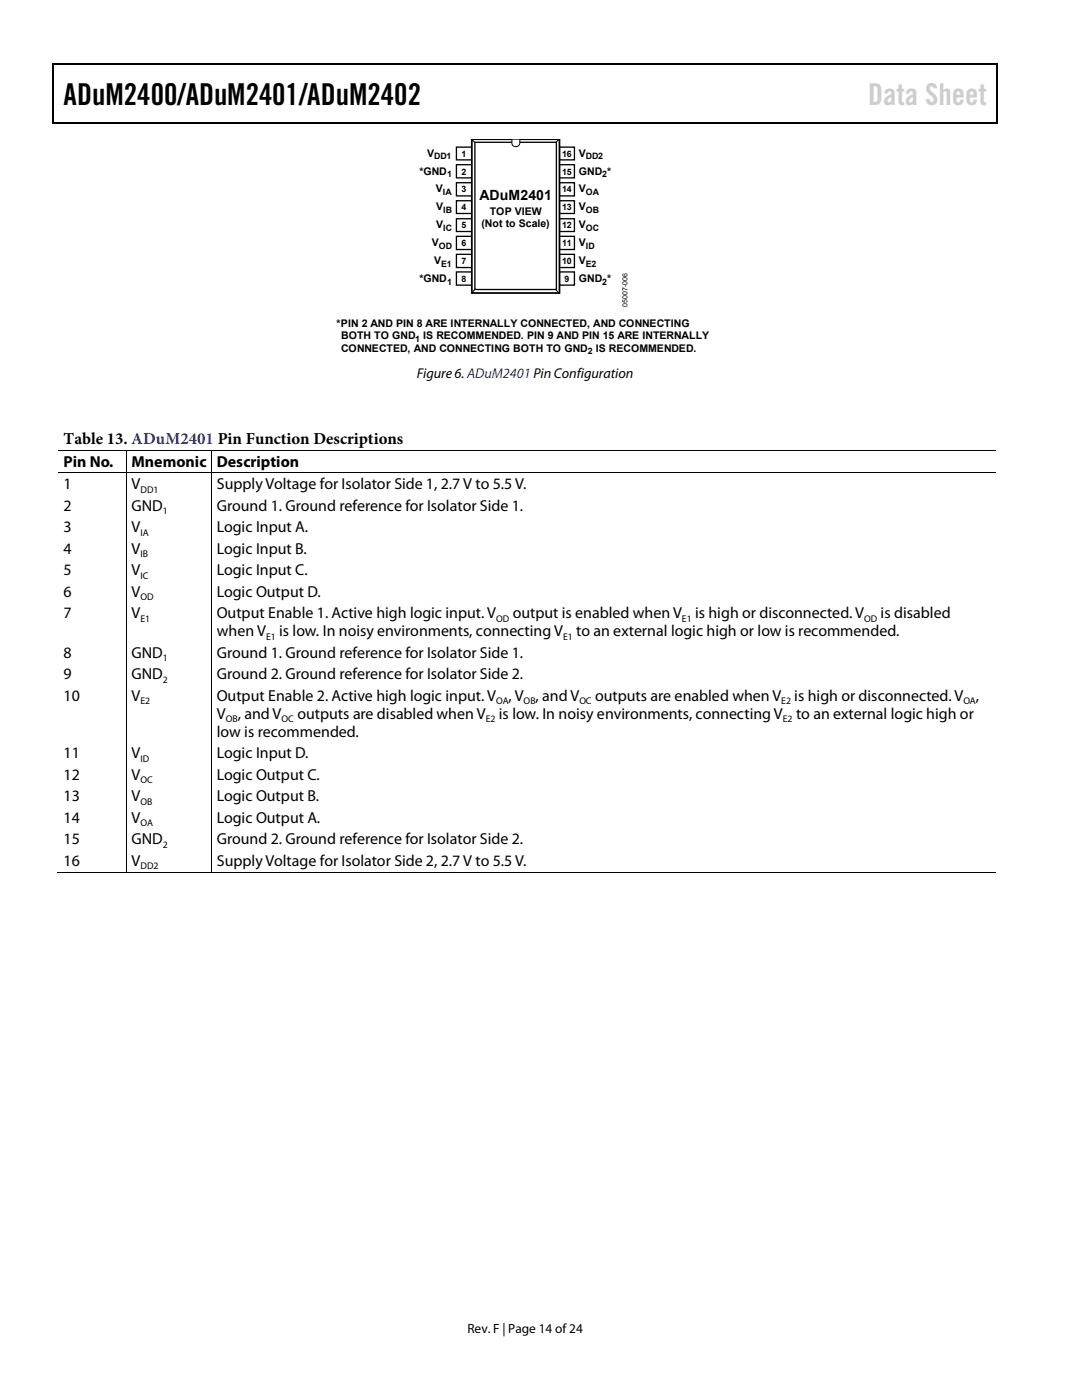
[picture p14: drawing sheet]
<svg xmlns="http://www.w3.org/2000/svg" width="216mm" height="279mm" viewBox="0 0 216 279" stroke-linecap="round" stroke-linejoin="round" font-family="sans-serif">
<defs><g id="words">
<text font-size="6" x="12.7" y="20.9">ADuM2400/ADuM2401/ADuM2402</text>
<text font-size="6" fill="#cdcdcd" x="173.2" y="20.9">Data Sheet</text>
<text font-size="3.3" x="12.7" y="88.6">Table 13. ADuM2401 Pin Function Descriptions</text>
<g font-size="3.2">
<text x="12.7" y="93.1">Pin No.</text>
<text x="26.2" y="93.1">Mnemonic</text>
<text x="43.3" y="93.1">Description</text>
<text x="12.7" y="97.6">1</text>
<text x="12.7" y="101.9">2</text>
<text x="26.2" y="97.6">V</text>
<text x="26.2" y="101.9">GND</text>
<text x="43.3" y="97.6">Supply Voltage for Isolator Side 1, 2.7 V to 5.5V.</text>
<text x="43.3" y="101.9">Ground 1. Ground reference for Isolator Side 1.</text>
<text x="12.7" y="106.2">3</text>
<text x="26.2" y="106.2">V</text>
<text x="43.3" y="106.2">Logic Input A.</text>
<text x="12.7" y="110.5">4</text>
<text x="26.2" y="110.5">V</text>
<text x="43.3" y="110.5">Logic Input B.</text>
<text x="12.7" y="114.8">5</text>
<text x="12.7" y="119.1">6</text>
<text x="26.2" y="114.8">V</text>
<text x="26.2" y="119.1">V</text>
<text x="43.3" y="114.8">Logic Input C.</text>
<text x="43.3" y="119.1">Logic Output D.</text>
<text x="12.7" y="123.4">7</text>
<text x="26.2" y="123.4">V</text>
<text x="43.3" y="123.4">Output Enable 1. Active high logic input. V</text>
<text x="102.3" y="123.4">output is enabled when V</text>
<text x="138.7" y="123.4">is high or disconnected. V</text>
<text x="175.7" y="123.4">is disabled</text>
<text x="12.7" y="131.3">8</text>
<text x="26.2" y="131.3">GND</text>
<text x="43.3" y="131.3">Ground 1. Ground reference for Isolator Side 1.</text>
<text x="43.3" y="127">when V</text>
<text x="55.7" y="127">is low. In noisy environments, connecting V</text>
<text x="115" y="127">to an external logic high or low is recommended.</text>
<text x="12.7" y="135.6">9</text>
<text x="26.2" y="135.6">GND</text>
<text x="43.3" y="135.6">Ground 2. Ground reference for Isolator Side 2.</text>
<text x="12.7" y="139.9">10</text>
<text x="26.2" y="139.9">V</text>
<text x="43.3" y="143.4">V</text>
<text x="43.3" y="139.9">Output Enable 2. Active high logic input. V</text>
<text x="47.5" y="143.4">, and V</text>
<text x="59.4" y="143.4">outputs are disabled when V</text>
<text x="99.6" y="143.4">is low. In noisy environments, connecting V</text>
<text x="101.5" y="139.9">, V</text>
<text x="106.8" y="139.9">, and V</text>
<text x="118.7" y="139.9">outputs are enabled when V</text>
<text x="158.5" y="139.9">is high or disconnected. V</text>
<text x="158.8" y="143.4">to an external logic high or</text>
<text x="194.7" y="139.9">,</text>
<text x="43.3" y="147.1">low is recommended.</text>
<text x="12.7" y="151.3">11</text>
<text x="12.7" y="155.6">12</text>
<text x="26.2" y="151.3">V</text>
<text x="26.2" y="155.6">V</text>
<text x="43.3" y="151.3">Logic Input D.</text>
<text x="43.3" y="155.6">Logic Output C.</text>
<text x="12.7" y="159.9">13</text>
<text x="26.2" y="159.9">V</text>
<text x="43.3" y="159.9">Logic Output B.</text>
<text x="12.7" y="164.2">14</text>
<text x="26.2" y="164.2">V</text>
<text x="43.3" y="164.2">Logic Output A.</text>
<text x="12.7" y="168.5">15</text>
<text x="12.7" y="172.8">16</text>
<text x="26.2" y="168.5">GND</text>
<text x="26.2" y="172.8">V</text>
<text x="43.3" y="168.5">Ground 2. Ground reference for Isolator Side 2.</text>
<text x="43.3" y="172.8">Supply Voltage for Isolator Side 2, 2.7 V to 5.5V.</text>
</g>
<g font-size="2.8">
<text x="95.7" y="39.9">ADuM2401</text>
<text x="83.1" y="75.5">Figure 6. ADuM2401 Pin Configuration</text>
</g>
<text font-size="2.7" x="93.3" y="266">Rev. F | Page 14 of24</text>
<g font-size="2.1">
<text x="83.7" y="34.8">*GND</text>
<text x="85.3" y="31.3">V</text>
<text x="115.5" y="31.3">V</text>
<text x="115.5" y="34.8">GND *</text>
<text x="87" y="38.4">V</text>
<text x="87" y="42">V</text>
<text x="115.5" y="38.4">V</text>
<text x="115.5" y="42">V</text>
<text x="87" y="45.6">V</text>
<text x="96.1" y="45.4">(Not to Scale)</text>
<text x="97.7" y="42.8">TOP VIEW</text>
<text x="115.5" y="45.6">V</text>
<text x="86.1" y="49.1">V</text>
<text x="86.6" y="52.7">V</text>
<text x="115.5" y="49.1">V</text>
<text x="115.5" y="52.7">V</text>
<text x="83.7" y="56.3">*GND</text>
<text x="115.5" y="56.3">GND *</text>
<text x="67.1" y="65.3">*PIN 2 AND PIN 8 ARE INTERNALLY CONNECTED, AND CONNECTING</text>
<text x="68.1" y="67.8">BOTH TO GND IS RECOMMENDED. PIN 9 AND PIN 15 ARE INTERNALLY</text>
<text x="68.1" y="70.2">CONNECTED, AND CONNECTING BOTH TO GND</text>
<text x="118.9" y="70.2">IS RECOMMENDED.</text>
</g>
<g font-size="1.9">
<text x="28" y="98.3">DD1</text>
<text x="28" y="106.9">IA</text>
<text x="32.5" y="102.6">1</text>
<text x="28" y="111.2">IB</text>
<text x="28" y="115.5">IC</text>
<text x="28" y="119.8">OD</text>
<text x="28" y="124.1">E1</text>
<text x="99" y="124.1">OD</text>
<text x="136.1" y="124.1">E1</text>
<text x="172.4" y="124.1">OD</text>
<text x="32.5" y="132">1</text>
<text x="53.1" y="127.7">E1</text>
<text x="112.4" y="127.7">E1</text>
<text x="32.5" y="136.3">2</text>
<text x="28" y="140.6">E2</text>
<text x="99" y="140.6">OA</text>
<text x="104.5" y="140.6">OB</text>
<text x="115.6" y="140.6">OC</text>
<text x="155.9" y="140.6">E2</text>
<text x="192.2" y="140.6">OA</text>
<text x="45" y="144.1">OB</text>
<text x="56.2" y="144.1">OC</text>
<text x="96.9" y="144.1">E2</text>
<text x="156.2" y="144.1">E2</text>
<text x="28" y="152.1">ID</text>
<text x="28" y="156.3">OC</text>
<text x="28" y="160.7">OB</text>
<text x="28" y="164.9">OA</text>
<text x="28" y="173.5">DD2</text>
<text x="32.5" y="169.2">2</text>
</g>
<g font-size="1.8">
<text x="86.7" y="31.8">DD1</text>
<text x="89.2" y="35.4">1</text>
<text x="92.1" y="31.3">1</text>
<text x="92.1" y="34.8">2</text>
<text x="112.2" y="31.3">16</text>
<text x="112.2" y="34.8">15</text>
<text x="116.9" y="31.8">DD2</text>
<text x="120.2" y="35.4">2</text>
<text x="88.4" y="38.9">IA</text>
<text x="92.1" y="38.4">3</text>
<text x="92.1" y="42">4</text>
<text x="112.2" y="38.4">14</text>
<text x="112.2" y="42">13</text>
<text x="116.9" y="38.9">OA</text>
<text x="88.4" y="42.5">IB</text>
<text x="88.4" y="46.1">IC</text>
<text x="92.1" y="45.5">5</text>
<text x="112.2" y="45.5">12</text>
<text x="116.9" y="42.5">OB</text>
<text x="116.9" y="46.1">OC</text>
<text x="87.5" y="49.7">OD</text>
<text x="88" y="53.2">E1</text>
<text x="92.1" y="49.1">6</text>
<text x="92.1" y="52.7">7</text>
<text x="112.2" y="49.1">11</text>
<text x="112.2" y="52.7">10</text>
<text x="116.9" y="49.7">ID</text>
<text x="116.9" y="53.2">E2</text>
<text x="89.2" y="56.8">1</text>
<text x="92.1" y="56.2">8</text>
<text x="112.6" y="56.2">9</text>
<text x="120.2" y="56.8">2</text>
<text x="82.8" y="68.3">1</text>
<text x="117.3" y="70.7">2</text>
</g>
<text font-size="1.4" x="125.2" y="61.2" transform="rotate(-90 125.2 61.2)">05007-006</text>
</g></defs>
<path d="M10.5 12.7h.3v1h-.3zM10.5 12.7h.3v.3h-.3zM133.3 12.7h.3v.3h-.3zM198.8 12.7h.2v1h-.2zM198.8 12.7h.2v.3h-.2zM10.5 24.4h.3v.2h-.3zM133.1 24.4h.2v.2h-.2zM198.8 24.4h.2v.2h-.2z" fill="#000"/>
<path d="M10.7 13.7v10.7M10.8 12.8h122.5M133.6 12.8h65.2M198.9 13.7v10.7M10.8 24.5h188" fill="none" stroke="#000" stroke-width=".25"/>
<path d="M91.1 29.4h3v2.5h-3z" fill="#fff"/>
<path d="M91.1 29.4h3v2.5h-3z" fill="none" stroke="#000" stroke-width=".26"/>
<path d="M91.1 32.9h3v2.6h-3z" fill="#fff"/>
<path d="M91.1 32.9h3v2.6h-3z" fill="none" stroke="#000" stroke-width=".26"/>
<path d="M91.1 36.5h3v2.6h-3z" fill="#fff"/>
<path d="M91.1 36.5h3v2.6h-3z" fill="none" stroke="#000" stroke-width=".26"/>
<path d="M91.1 40.1h3v2.5h-3z" fill="#fff"/>
<path d="M91.1 40.1h3v2.5h-3z" fill="none" stroke="#000" stroke-width=".26"/>
<path d="M111.6 29.4h3v2.5h-3z" fill="#fff"/>
<path d="M111.6 29.4h3v2.5h-3z" fill="none" stroke="#000" stroke-width=".26"/>
<path d="M111.6 32.9h3v2.6h-3z" fill="#fff"/>
<path d="M111.6 32.9h3v2.6h-3z" fill="none" stroke="#000" stroke-width=".26"/>
<path d="M111.6 36.5h3v2.6h-3z" fill="#fff"/>
<path d="M111.6 36.5h3v2.6h-3z" fill="none" stroke="#000" stroke-width=".26"/>
<path d="M111.6 40.1h3v2.5h-3z" fill="#fff"/>
<path d="M111.6 40.1h3v2.5h-3z" fill="none" stroke="#000" stroke-width=".26"/>
<path d="M91.1 43.7h3v2.5h-3z" fill="#fff"/>
<path d="M91.1 43.7h3v2.5h-3z" fill="none" stroke="#000" stroke-width=".26"/>
<path d="M111.6 43.7h3v2.5h-3z" fill="#fff"/>
<path d="M111.6 43.7h3v2.5h-3z" fill="none" stroke="#000" stroke-width=".26"/>
<path d="M91.1 47.2h3v2.6h-3z" fill="#fff"/>
<path d="M91.1 47.2h3v2.6h-3z" fill="none" stroke="#000" stroke-width=".26"/>
<path d="M111.6 47.2h3v2.6h-3z" fill="#fff"/>
<path d="M111.6 47.2h3v2.6h-3z" fill="none" stroke="#000" stroke-width=".26"/>
<path d="M91.1 50.8h3v2.6h-3z" fill="#fff"/>
<path d="M91.1 50.8h3v2.6h-3z" fill="none" stroke="#000" stroke-width=".26"/>
<path d="M111.6 50.8h3v2.6h-3z" fill="#fff"/>
<path d="M111.6 50.8h3v2.6h-3z" fill="none" stroke="#000" stroke-width=".26"/>
<path d="M91.1 54.3h3v2.6h-3z" fill="#fff"/>
<path d="M91.1 54.3h3v2.6h-3z" fill="none" stroke="#000" stroke-width=".26"/>
<path d="M111.6 54.3h3v2.6h-3z" fill="#fff"/>
<path d="M111.6 54.3h3v2.6h-3z" fill="none" stroke="#000" stroke-width=".26"/>
<path d="M94.1 27.9h17.5v30.6h-17.5z" fill="#fff"/>
<path d="M94.1 27.8v30.7h17.5v-30.7" fill="none" stroke="#000" stroke-width=".35"/>
<path d="M94.8 28.4h16.2v29.4h-16.2z" fill="none" stroke="#000" stroke-width=".26"/>
<path d="M102.1 27.9h1.6v.7a.8 .8 0 0 1-.8 .7 .8 .8 0 0 1-.8-.7z" fill="#fff"/>
<g fill="none" stroke="#000" stroke-width=".2">
<path d="M94.2 27.9l.5 .5M102.1 27.9v.7a.8 .8 0 0 0 .8 .7 .8 .8 0 0 0 .8-.7v-.7M111.5 27.9l-.6 .5M94.8 57.7l-.6 .7M111 58l.5 .4M11.7 89.8h13.4M11.7 94.4h13.4M25.2 89.9v4.4M25.2 94.4v79.6M25.3 89.8h16.9M25.3 94.4h16.9M42.2 89.9v4.4"/>
<path d="M42.2 94.4v79.6M42.3 89.8h156.4M42.3 94.4h156.4M11.4 174.1h13.7M25.3 174.1h16.9M42.3 174.1h156.4"/>
</g>
<path d="M25.1 89.7h.2v.2h-.2zM25.1 94.3h.2v.1h-.2zM42.2 89.7h.1v.2h-.1zM42.2 94.3h.1v.1h-.1zM25.1 174h.2v.2h-.2zM42.2 174h.1v.2h-.1z" fill="#000"/>
<use href="#words"/>
</svg>

____

Directions for this task: Select the lines from the entries that include the word "Voltage".

Solution to the exercise:
<text x="43.3" y="97.6">Supply Voltage for Isolator Side 1, 2.7 V to 5.5V.</text>
<text x="43.3" y="172.8">Supply Voltage for Isolator Side 2, 2.7 V to 5.5V.</text>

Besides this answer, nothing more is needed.